__EXERCISE BRIEF__. Using the data below, output the first line and every line after it up to and including the line containing "[0:00.0-0:12.0]", exactly as written and with nothing added.

(Data records)
*** Block opens ***

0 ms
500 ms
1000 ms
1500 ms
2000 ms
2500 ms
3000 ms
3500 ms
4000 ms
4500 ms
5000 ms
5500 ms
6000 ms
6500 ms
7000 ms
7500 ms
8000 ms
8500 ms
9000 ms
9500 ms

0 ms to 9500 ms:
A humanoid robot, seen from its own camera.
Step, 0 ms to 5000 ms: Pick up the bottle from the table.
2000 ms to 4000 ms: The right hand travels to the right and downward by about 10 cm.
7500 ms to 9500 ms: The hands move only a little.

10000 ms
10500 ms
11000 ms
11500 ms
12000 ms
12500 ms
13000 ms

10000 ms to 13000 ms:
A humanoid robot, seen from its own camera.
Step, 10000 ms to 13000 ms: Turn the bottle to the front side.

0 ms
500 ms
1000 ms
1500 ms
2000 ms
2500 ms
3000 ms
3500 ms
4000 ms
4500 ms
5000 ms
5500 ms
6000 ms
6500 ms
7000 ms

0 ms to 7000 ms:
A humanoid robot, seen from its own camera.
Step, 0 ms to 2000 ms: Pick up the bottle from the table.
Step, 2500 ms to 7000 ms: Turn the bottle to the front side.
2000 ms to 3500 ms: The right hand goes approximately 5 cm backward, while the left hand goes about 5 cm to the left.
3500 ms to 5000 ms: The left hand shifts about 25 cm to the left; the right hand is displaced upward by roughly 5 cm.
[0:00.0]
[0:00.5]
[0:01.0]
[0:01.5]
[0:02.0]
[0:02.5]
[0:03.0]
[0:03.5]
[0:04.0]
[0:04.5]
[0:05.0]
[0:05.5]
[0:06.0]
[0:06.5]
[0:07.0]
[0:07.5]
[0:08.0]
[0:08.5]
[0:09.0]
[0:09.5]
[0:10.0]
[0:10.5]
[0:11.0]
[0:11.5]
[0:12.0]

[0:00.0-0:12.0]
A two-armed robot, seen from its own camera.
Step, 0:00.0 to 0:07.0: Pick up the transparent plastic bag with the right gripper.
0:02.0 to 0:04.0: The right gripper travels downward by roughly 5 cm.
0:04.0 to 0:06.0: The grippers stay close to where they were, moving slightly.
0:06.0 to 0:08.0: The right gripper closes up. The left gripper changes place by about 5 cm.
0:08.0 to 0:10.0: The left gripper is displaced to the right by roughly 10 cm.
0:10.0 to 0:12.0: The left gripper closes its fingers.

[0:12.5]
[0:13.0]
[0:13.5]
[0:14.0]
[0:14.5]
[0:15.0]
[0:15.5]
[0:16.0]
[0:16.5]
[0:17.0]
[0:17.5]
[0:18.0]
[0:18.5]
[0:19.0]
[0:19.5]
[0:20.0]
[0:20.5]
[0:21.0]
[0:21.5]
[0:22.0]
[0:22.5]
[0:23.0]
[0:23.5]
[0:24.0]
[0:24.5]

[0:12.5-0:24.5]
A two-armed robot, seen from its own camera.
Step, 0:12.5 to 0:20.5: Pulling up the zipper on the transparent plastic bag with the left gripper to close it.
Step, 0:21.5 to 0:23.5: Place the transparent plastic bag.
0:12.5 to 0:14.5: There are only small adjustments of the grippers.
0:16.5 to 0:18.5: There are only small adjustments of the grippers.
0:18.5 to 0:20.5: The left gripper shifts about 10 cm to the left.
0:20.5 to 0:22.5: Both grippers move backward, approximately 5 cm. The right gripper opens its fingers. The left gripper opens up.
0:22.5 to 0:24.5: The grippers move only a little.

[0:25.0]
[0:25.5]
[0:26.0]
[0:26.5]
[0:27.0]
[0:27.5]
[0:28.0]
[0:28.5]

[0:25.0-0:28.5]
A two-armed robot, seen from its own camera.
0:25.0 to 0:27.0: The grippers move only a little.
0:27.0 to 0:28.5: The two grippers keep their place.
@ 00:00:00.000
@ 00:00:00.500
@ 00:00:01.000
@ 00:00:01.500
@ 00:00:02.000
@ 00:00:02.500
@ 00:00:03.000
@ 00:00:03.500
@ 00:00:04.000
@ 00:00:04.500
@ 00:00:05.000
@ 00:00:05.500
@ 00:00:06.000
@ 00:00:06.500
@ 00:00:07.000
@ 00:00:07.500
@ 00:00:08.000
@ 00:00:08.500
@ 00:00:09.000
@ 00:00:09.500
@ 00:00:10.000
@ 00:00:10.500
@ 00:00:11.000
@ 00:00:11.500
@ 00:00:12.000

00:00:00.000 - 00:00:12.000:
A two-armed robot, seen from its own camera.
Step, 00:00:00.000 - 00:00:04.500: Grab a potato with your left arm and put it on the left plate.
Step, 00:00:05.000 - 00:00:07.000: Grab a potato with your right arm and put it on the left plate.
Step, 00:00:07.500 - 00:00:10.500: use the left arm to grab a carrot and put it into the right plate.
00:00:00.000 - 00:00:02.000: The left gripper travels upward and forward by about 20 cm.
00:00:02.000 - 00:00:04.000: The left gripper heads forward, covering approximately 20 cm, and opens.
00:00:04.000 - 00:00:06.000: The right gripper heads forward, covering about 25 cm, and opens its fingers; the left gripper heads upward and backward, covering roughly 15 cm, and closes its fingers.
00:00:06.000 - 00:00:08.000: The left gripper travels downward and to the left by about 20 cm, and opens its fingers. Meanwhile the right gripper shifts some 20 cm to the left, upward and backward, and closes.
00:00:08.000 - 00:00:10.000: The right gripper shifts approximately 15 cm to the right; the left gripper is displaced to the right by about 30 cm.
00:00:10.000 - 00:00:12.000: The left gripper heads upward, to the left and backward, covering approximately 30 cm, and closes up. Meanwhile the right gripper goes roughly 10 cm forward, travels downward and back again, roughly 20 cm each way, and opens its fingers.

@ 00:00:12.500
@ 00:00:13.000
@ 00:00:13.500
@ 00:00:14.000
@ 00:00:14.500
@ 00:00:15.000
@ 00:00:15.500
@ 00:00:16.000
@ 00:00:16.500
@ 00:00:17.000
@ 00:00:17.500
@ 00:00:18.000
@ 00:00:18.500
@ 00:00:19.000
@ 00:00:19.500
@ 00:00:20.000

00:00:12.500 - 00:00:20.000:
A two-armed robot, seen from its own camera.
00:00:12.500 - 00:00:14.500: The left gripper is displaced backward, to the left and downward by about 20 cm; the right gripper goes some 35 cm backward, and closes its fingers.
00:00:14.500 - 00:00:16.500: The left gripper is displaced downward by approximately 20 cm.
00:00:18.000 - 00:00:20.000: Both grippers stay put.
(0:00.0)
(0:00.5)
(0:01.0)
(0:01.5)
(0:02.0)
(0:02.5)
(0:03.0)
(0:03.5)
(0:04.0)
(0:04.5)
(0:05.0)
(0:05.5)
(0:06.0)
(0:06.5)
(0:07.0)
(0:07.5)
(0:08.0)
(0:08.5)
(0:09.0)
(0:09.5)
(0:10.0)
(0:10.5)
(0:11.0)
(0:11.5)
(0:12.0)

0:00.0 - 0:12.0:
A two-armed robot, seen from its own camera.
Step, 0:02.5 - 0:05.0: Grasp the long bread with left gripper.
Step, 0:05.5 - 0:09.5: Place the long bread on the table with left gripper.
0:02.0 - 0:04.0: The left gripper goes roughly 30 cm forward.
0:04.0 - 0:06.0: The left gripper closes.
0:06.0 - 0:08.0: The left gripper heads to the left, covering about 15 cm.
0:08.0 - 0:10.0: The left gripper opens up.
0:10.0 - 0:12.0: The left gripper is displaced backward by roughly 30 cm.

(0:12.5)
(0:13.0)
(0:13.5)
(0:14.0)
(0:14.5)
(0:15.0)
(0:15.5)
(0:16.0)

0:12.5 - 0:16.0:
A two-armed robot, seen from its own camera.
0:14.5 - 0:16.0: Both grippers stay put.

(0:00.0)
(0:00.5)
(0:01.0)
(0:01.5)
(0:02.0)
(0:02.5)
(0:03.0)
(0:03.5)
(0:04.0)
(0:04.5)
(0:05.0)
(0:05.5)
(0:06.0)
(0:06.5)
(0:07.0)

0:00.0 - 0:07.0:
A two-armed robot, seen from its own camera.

*** Block closes ***

__ANSWER BOX__.
0 ms
500 ms
1000 ms
1500 ms
2000 ms
2500 ms
3000 ms
3500 ms
4000 ms
4500 ms
5000 ms
5500 ms
6000 ms
6500 ms
7000 ms
7500 ms
8000 ms
8500 ms
9000 ms
9500 ms

0 ms to 9500 ms:
A humanoid robot, seen from its own camera.
Step, 0 ms to 5000 ms: Pick up the bottle from the table.
2000 ms to 4000 ms: The right hand travels to the right and downward by about 10 cm.
7500 ms to 9500 ms: The hands move only a little.

10000 ms
10500 ms
11000 ms
11500 ms
12000 ms
12500 ms
13000 ms

10000 ms to 13000 ms:
A humanoid robot, seen from its own camera.
Step, 10000 ms to 13000 ms: Turn the bottle to the front side.

0 ms
500 ms
1000 ms
1500 ms
2000 ms
2500 ms
3000 ms
3500 ms
4000 ms
4500 ms
5000 ms
5500 ms
6000 ms
6500 ms
7000 ms

0 ms to 7000 ms:
A humanoid robot, seen from its own camera.
Step, 0 ms to 2000 ms: Pick up the bottle from the table.
Step, 2500 ms to 7000 ms: Turn the bottle to the front side.
2000 ms to 3500 ms: The right hand goes approximately 5 cm backward, while the left hand goes about 5 cm to the left.
3500 ms to 5000 ms: The left hand shifts about 25 cm to the left; the right hand is displaced upward by roughly 5 cm.
[0:00.0]
[0:00.5]
[0:01.0]
[0:01.5]
[0:02.0]
[0:02.5]
[0:03.0]
[0:03.5]
[0:04.0]
[0:04.5]
[0:05.0]
[0:05.5]
[0:06.0]
[0:06.5]
[0:07.0]
[0:07.5]
[0:08.0]
[0:08.5]
[0:09.0]
[0:09.5]
[0:10.0]
[0:10.5]
[0:11.0]
[0:11.5]
[0:12.0]

[0:00.0-0:12.0]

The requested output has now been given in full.